Suppose, then, that the OBJ in (1) has a second merge
position in [Spec,TP], but is pronounced and interpreted in its lower position
within the verb phrase. This second position of OBJ enters into agreement in
phi-features with T, allowing all of (what we would call) TP to be labeled by
these phi-features, as discussed above. Does this salvage Chomsky’s story?
The answer is “no.” That is because Icelandic is not a
null-subject language; Icelandic clauses need subjects, in a way that this
“interface-vacuous” movement (if it actually exists) does not seem to satisfy.
To put it another way, even if OBJ has a second unpronounced and uninterpreted
merge position in [Spec,TP], the facts are that this does not absolve the
clause of its need to have a(nother) subject.
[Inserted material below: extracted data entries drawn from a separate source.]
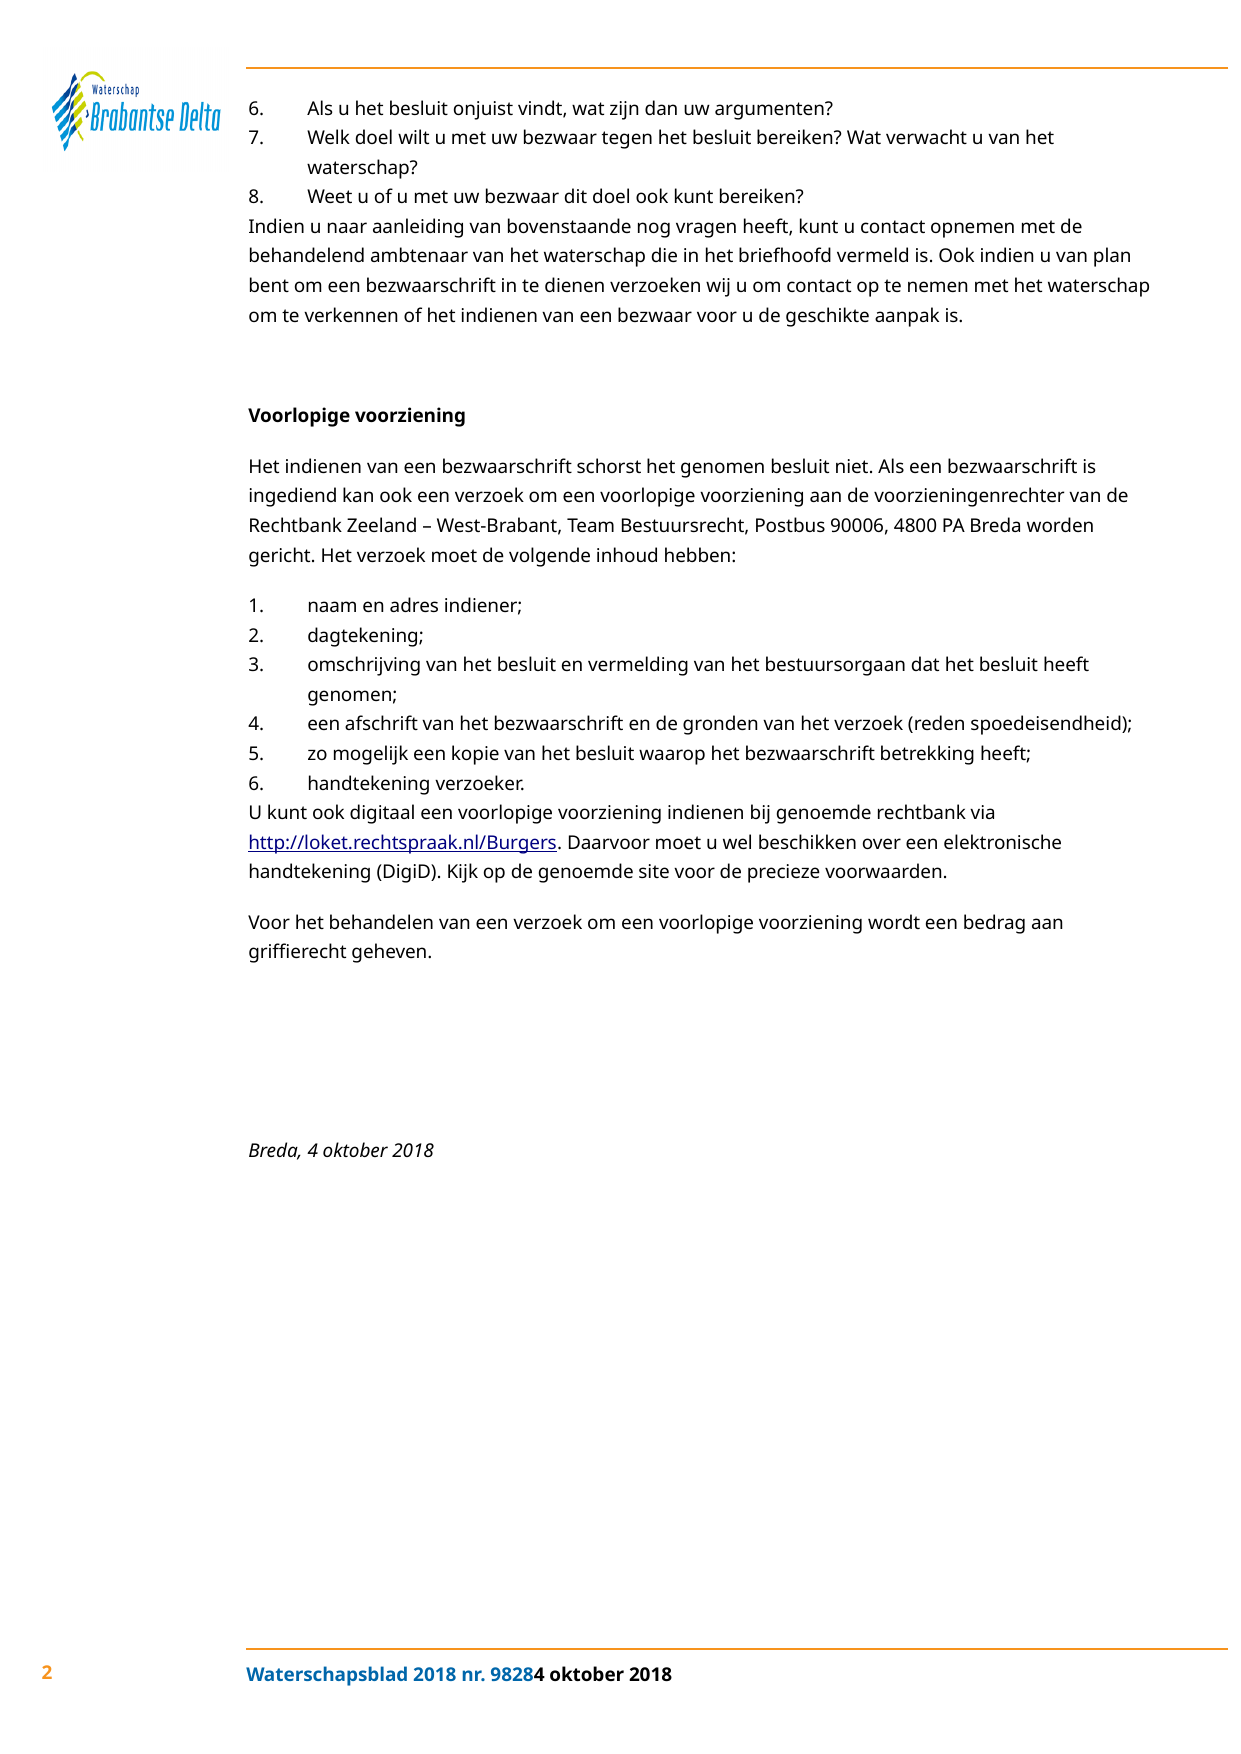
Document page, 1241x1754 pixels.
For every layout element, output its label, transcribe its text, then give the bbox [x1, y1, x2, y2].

text Het indienen van een bezwaarschrift schorst het genomen besluit niet. Als een bezwaarschrift is ingediend kan ook een verzoek om een voorlopige voorziening aan de voorzieningenrechter van de Rechtbank Zeeland – West-Brabant, Team Bestuursrecht, Postbus 90006, 4800 PA Breda worden gericht. Het verzoek moet de volgende inhoud hebben: [248, 453, 1152, 568]
list omschrijving van het besluit en vermelding van het bestuursorgaan dat het besluit heeft genomen; [248, 651, 1152, 707]
picture [41, 47, 231, 172]
text Voor het behandelen van een verzoek om een voorlopige voorziening wordt een bedrag aan griffierecht geheven. [248, 909, 1152, 964]
text Indien u naar aanleiding van bovenstaande nog vragen heeft, kunt u contact opnemen met de behandelend ambtenaar van het waterschap die in het briefhoofd vermeld is. Ook indien u van plan bent om een bezwaarschrift in te dienen verzoeken wij u om contact op te nemen met het waterschap om te verkennen of het indienen van een bezwaar voor u de geschikte aanpak is. [248, 213, 1152, 328]
list Als u het besluit onjuist vindt, wat zijn dan uw argumenten? [248, 95, 1152, 121]
list dagtekening; [248, 622, 1152, 648]
list handtekening verzoeker. [248, 770, 1152, 796]
list een afschrift van het bezwaarschrift en de gronden van het verzoek (reden spoedeisendheid); [248, 711, 1152, 736]
list naam en adres indiener; [248, 592, 1152, 618]
text U kunt ook digitaal een voorlopige voorziening indienen bij genoemde rechtbank via http://loket.rechtspraak.nl/Burgers. Daarvoor moet u wel beschikken over een elektronische handtekening (DigiD). Kijk op de genoemde site voor de precieze voorwaarden. [248, 799, 1152, 884]
list zo mogelijk een kopie van het besluit waarop het bezwaarschrift betrekking heeft; [248, 740, 1152, 766]
list Welk doel wilt u met uw bezwaar tegen het besluit bereiken? Wat verwacht u van het waterschap? [248, 124, 1152, 180]
text Voorlopige voorziening [248, 403, 1152, 428]
text Breda, 4 oktober 2018 [248, 1138, 1152, 1163]
list Weet u of u met uw bezwaar dit doel ook kunt bereiken? [248, 183, 1152, 209]
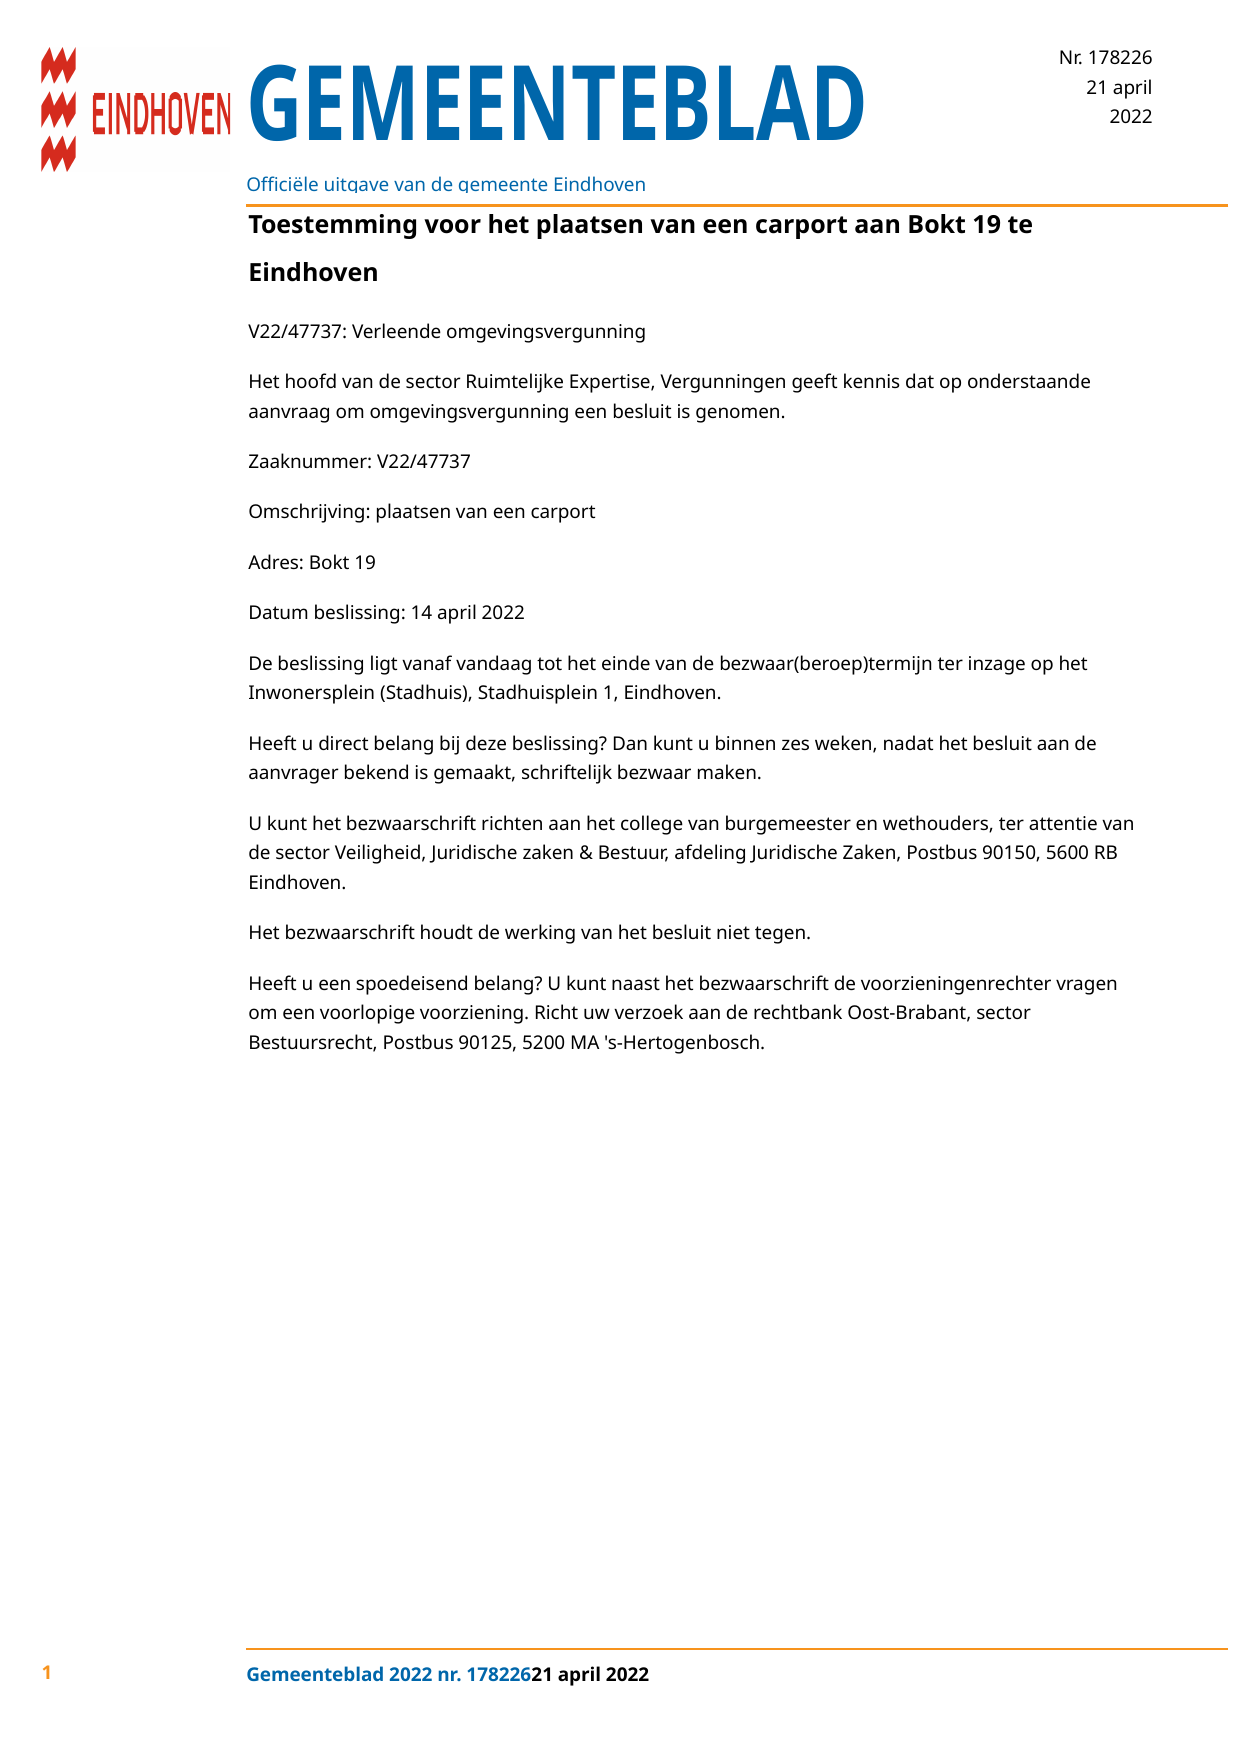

To see why that’s a problem for
Chomsky, let’s consider how the need to have a subject arises in his system. In
the proposed system, the difference between a null-subject language (say,
Italian) and a non-null-subject language (say, English), is in the capacity of
T to serve as the label of a {T, XP} structure (say, for XP=vP). In a
non-null-subject language, it cannot (“T is weak”) – and so in fact the only way to assign TP a label is to move
something to [Spec,TP] (as a sister of the {T, XP} node), have it agree with
{T, XP} in phi-features, and have those phi-features label the resulting
complex object (what we would call “TP”). In a null-subject language, T can serve as the label of {T, XP}, and
thus movement to [Spec,TP] is not required (if such movement were to
nevertheless occur, the English-style story just described could still
kick-in).
Continuing to adopt (for the time being) the
“interface-vacuous” movement wrinkle, the OBJ in (1) has moved to [Spec,TP],
agreed with {T, vP} in phi features, and thus labeled the resulting object; why
does this clause still need an overt subject? Or more to the point, why is the
equivalent of “arrived.PL some people.NOM” (a VS-order unaccusative with no
expletive) not grammatical in Icelandic? After all, the nominative will have
“interface-vacuously” moved to [Spec,TP], satisfying all apparent labeling
needs.
So what has gone wrong here? My answer would be: the
[Spec,TP]-agreement connection is a red herring, and this is what happens when
you build your edifice on a red herring (fish are slippery!). Yes, in many
languages many of things that end up in [Spec,TP] were also the things that T
agreed with (or as Norbert would have it: many of the things that end up in
[Spec,TP] overtly, turn out to obviate the need for another, separate thing to
undergo “interface-vacuous” movement to [Spec,TP]). But taking that to be a
fundamental fact about the computational system is just wrong, for there are
languages where that’s just not how it works. Icelandic is one such language –
but depending on your analysis of expletive-associate constructions and of
Locative Inversion, English may very well be such a language, as well.